Actually, @Dave Henderson has posted 6 times in this thread and has mentioned his website once. Not every time. Even in the thread he started to announce United With God, by my count he's made 26 posts of which only 5 directly mention his website. Again - not every time. Not even close to every time.
 
What does God's influence look like? And how do you know it's God?

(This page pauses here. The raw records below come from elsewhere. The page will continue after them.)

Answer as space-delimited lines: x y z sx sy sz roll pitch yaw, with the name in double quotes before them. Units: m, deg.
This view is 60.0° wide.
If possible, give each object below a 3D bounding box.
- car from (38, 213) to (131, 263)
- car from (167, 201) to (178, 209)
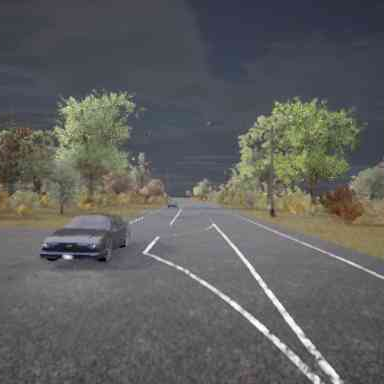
"car" -3.464 1.477 11.960 2.033 1.411 5.357 1 -1 0
"car" -3.649 2.367 62.079 2.033 1.411 5.357 0 -1 0

It's not clever to join in a conversation that has been ongoing -without yet reading everything - but, as Process theology is the framework that works best for my faith I'll try and answer this.......
God's influence doesn't necessarily coincide with what you want to do. It's an inner calling that, if ignored, will come again. It can come through other people, dreams, signs, "coincidences". It's referred to as God's lure, and you are free to reject or accept it. Often it seems very challenging, and you thus might originally reject it, which also means you might accept it on a later occasion.
 
God is an interventionist being even if we do not believe she is actively so. That is because God's very being - even the concept of his being - intervenes in our thoughts, our feelings, our perceptions of life, the world, the divine. But however you answer Waterfall's questions, it leads to the inevitable questions already thrown into this soup pot by previous posters: If God is interventionist, why all the suffering? If God is interventionist, how can it be quantified? Boy, are we a gaggle of deep thinkers.

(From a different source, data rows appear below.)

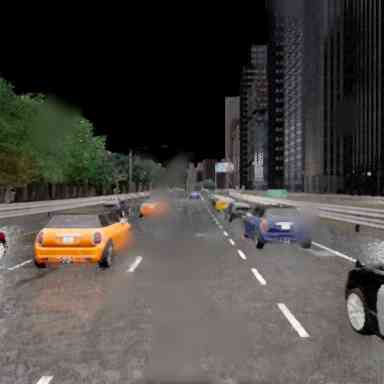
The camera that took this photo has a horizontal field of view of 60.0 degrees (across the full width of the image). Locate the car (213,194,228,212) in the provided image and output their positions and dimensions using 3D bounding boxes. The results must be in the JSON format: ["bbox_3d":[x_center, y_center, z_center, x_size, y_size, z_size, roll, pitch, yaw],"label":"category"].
[{"bbox_3d":[3.651,1.326,36.563,1.882,1.535,5.008,0,1,0],"label":"car"}]

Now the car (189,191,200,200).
[{"bbox_3d":[0.491,0.879,67.660,1.882,1.535,5.008,0,1,1],"label":"car"}]

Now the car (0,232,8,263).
[{"bbox_3d":[-6.888,1.459,8.745,1.882,1.535,5.008,0,0,0],"label":"car"}]

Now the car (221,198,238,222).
[{"bbox_3d":[3.576,1.450,25.600,1.837,1.490,4.892,0,0,0],"label":"car"}]

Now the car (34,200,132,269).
[{"bbox_3d":[-3.381,1.329,11.234,2.097,1.767,4.553,0,0,0],"label":"car"}]

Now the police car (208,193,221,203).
[{"bbox_3d":[3.878,1.039,58.504,2.038,1.542,4.974,0,1,1],"label":"police car"}]

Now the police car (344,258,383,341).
[{"bbox_3d":[3.502,1.417,3.769,1.930,1.638,5.238,0,0,0],"label":"police car"}]

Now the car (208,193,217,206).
[{"bbox_3d":[3.753,1.196,47.564,2.163,1.488,4.792,0,1,1],"label":"car"}]

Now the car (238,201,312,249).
[{"bbox_3d":[3.526,1.323,14.600,2.097,1.767,4.553,0,0,0],"label":"car"}]

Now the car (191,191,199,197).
[{"bbox_3d":[0.809,0.445,88.897,2.128,1.511,4.902,0,1,1],"label":"car"}]

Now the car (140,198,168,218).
[{"bbox_3d":[-3.296,1.274,29.649,2.097,1.767,4.553,0,0,0],"label":"car"}]

In the framework of Process Theology God doesn't intervene. God's role is one of support. Power in the sense of being in control, being able to intervene, is decidedly a human concept of power. God's power resides in unconditional love and in relationship with us.
 
It's certainly something we've all asked ourselves in our valley journeys Bette the Red. So many of the Psalms in my sacred scriptures begin with hurting people crying out; "How can you let this happen? Why haven't you reached out? Where ARE you?" (paraphrased) Any attempt to justify or explain God's inaction in the context of loss, always sound trite and superficial to me. When faced with the sorrow of death, Jesus wept. Like we all do. Where was Jesus when my sister drowned? I don't know. But I do know He was at my shoulder, weeping with me in my sorrow.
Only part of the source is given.